1. Sep 2, 2011

### kimberley511

1. What is the displacement between t= 0 s and t= 7 s?The "area' under the curve, between the two times is the displacement. The "area" is the area enclosed by the curve and the time axis (v=0 line). Those parts of the curve with negative velocity contribute negative area and those with positive velocity contribute positive area.
Between t=0 s and 7 s,

Δx =

2. Relevant equations
Area of Rectangle: (l*w)
Area of Trapezoid: (1/2 b (h1+h2))
Area of Triangle: (1/2bh)

3. Rectangle: 1.5(-380)= -570
Trapezoid:1/2*3*(-380+-280)=-825
Triangle: 1/2*1.5*280=-420

delta x = -(570+825+420)= -1815 ...this was my attempt and it was wrong.

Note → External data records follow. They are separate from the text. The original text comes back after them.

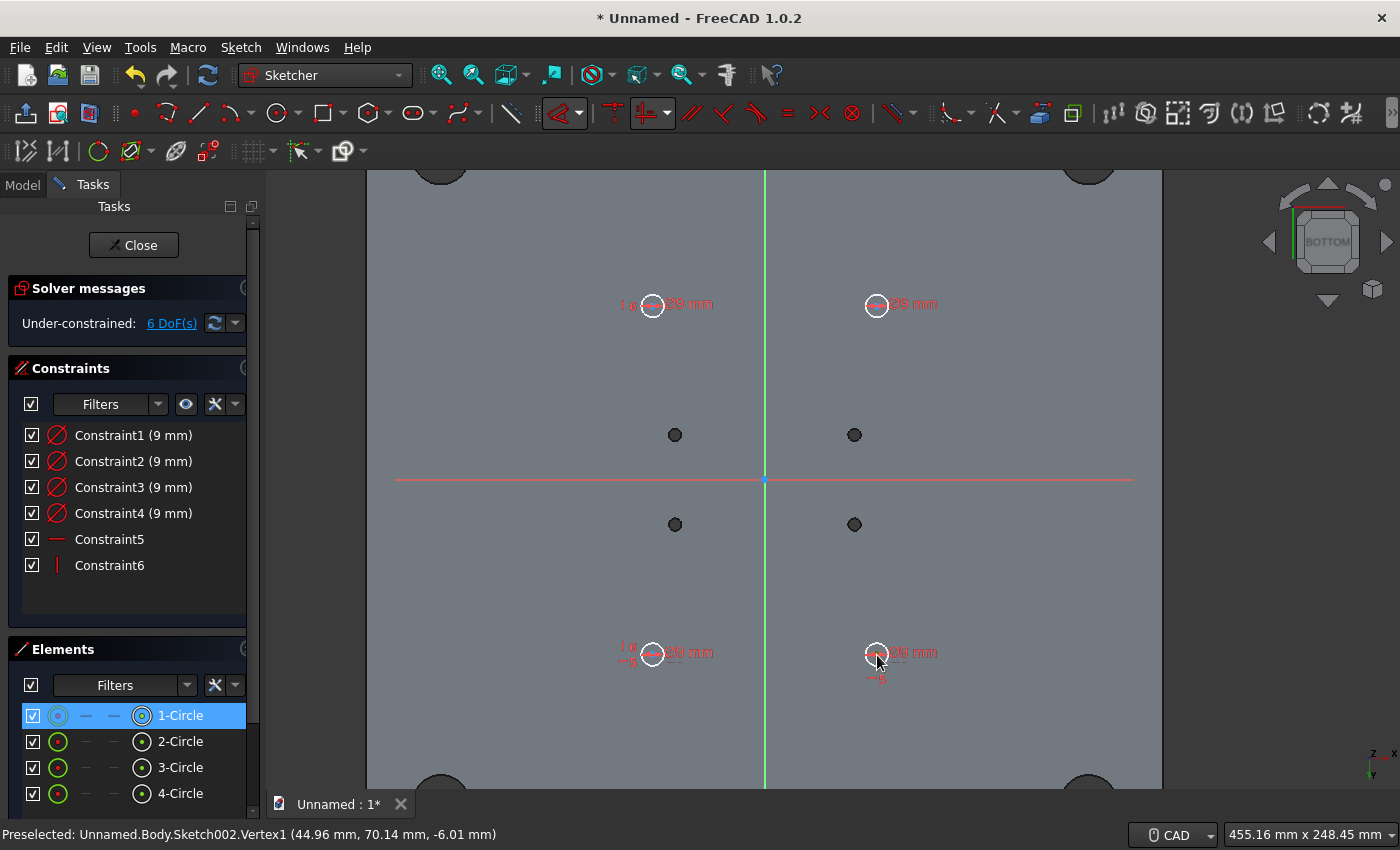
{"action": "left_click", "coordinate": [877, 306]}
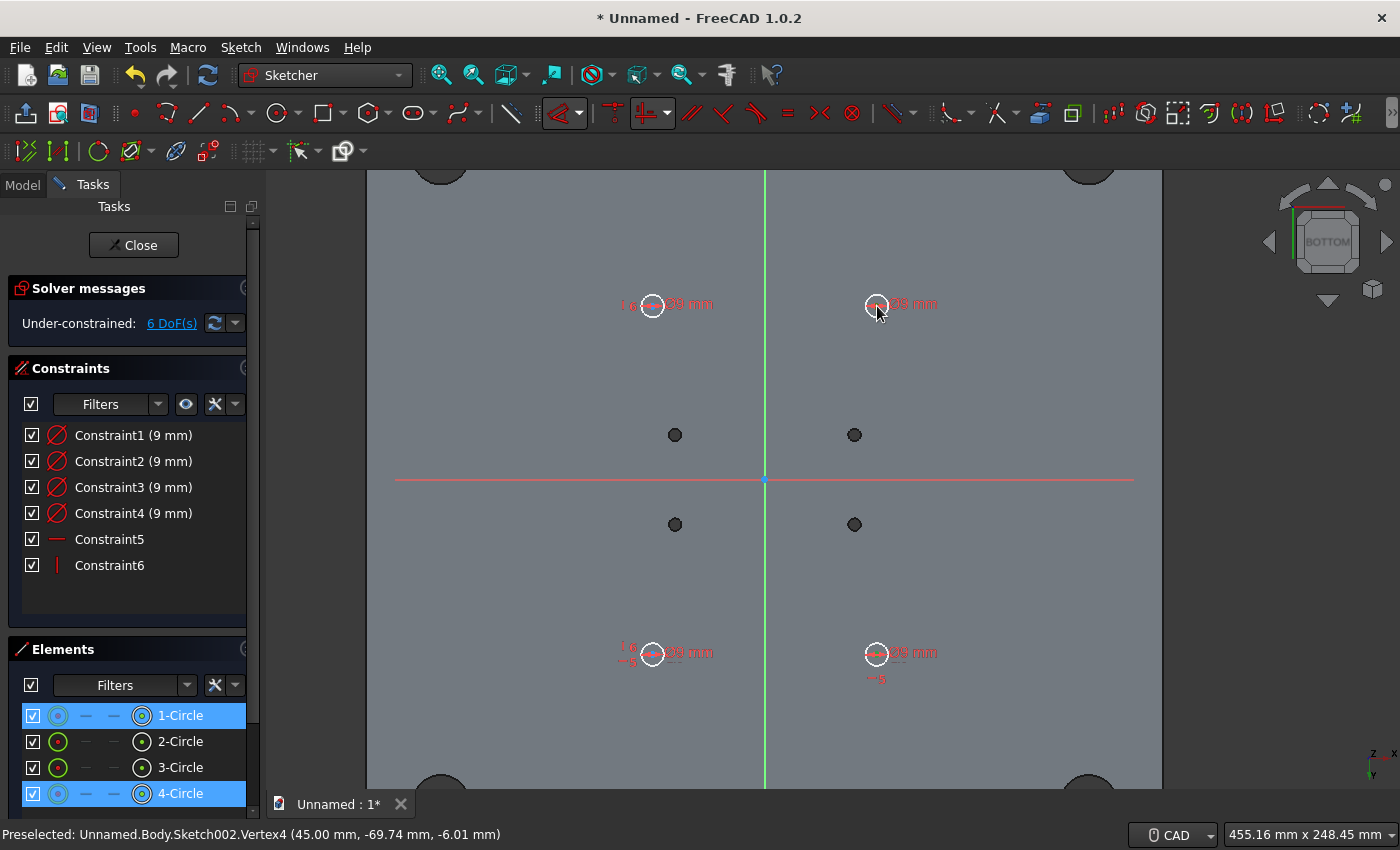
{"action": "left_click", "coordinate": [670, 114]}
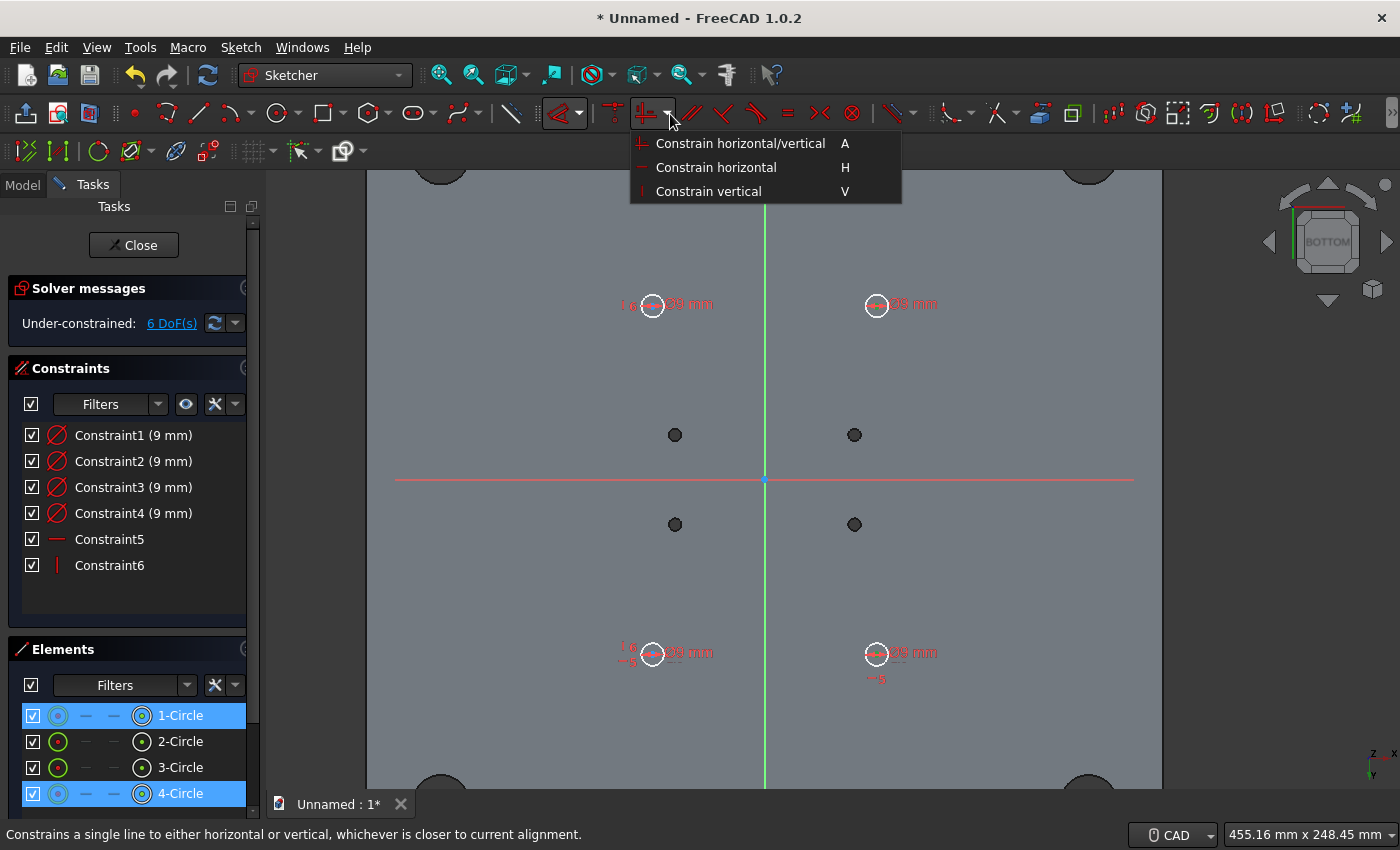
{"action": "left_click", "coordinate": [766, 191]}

I don't know what I am doing wrong please help

1. The problem statement, all variables and given/known data

2. Relevant equations

3. The attempt at a solution

Last edited: Sep 2, 2011
2. Sep 2, 2011

### davo789

Could you elaborate on how you got your answer for delta x?

3. Sep 2, 2011

### kimberley511

I used the points for t-0 and t-7 and came up with the three shapes on the graph..(the rectangle the trapezoid and the triangle) and then solved for their area under the curve and then combined.

I don't have a scanner to post the graph that I drew the shapes on.

4. Sep 3, 2011

### SteamKing

Staff Emeritus
You should be calculating the area between the curve and the horizontal axis where
v = 0.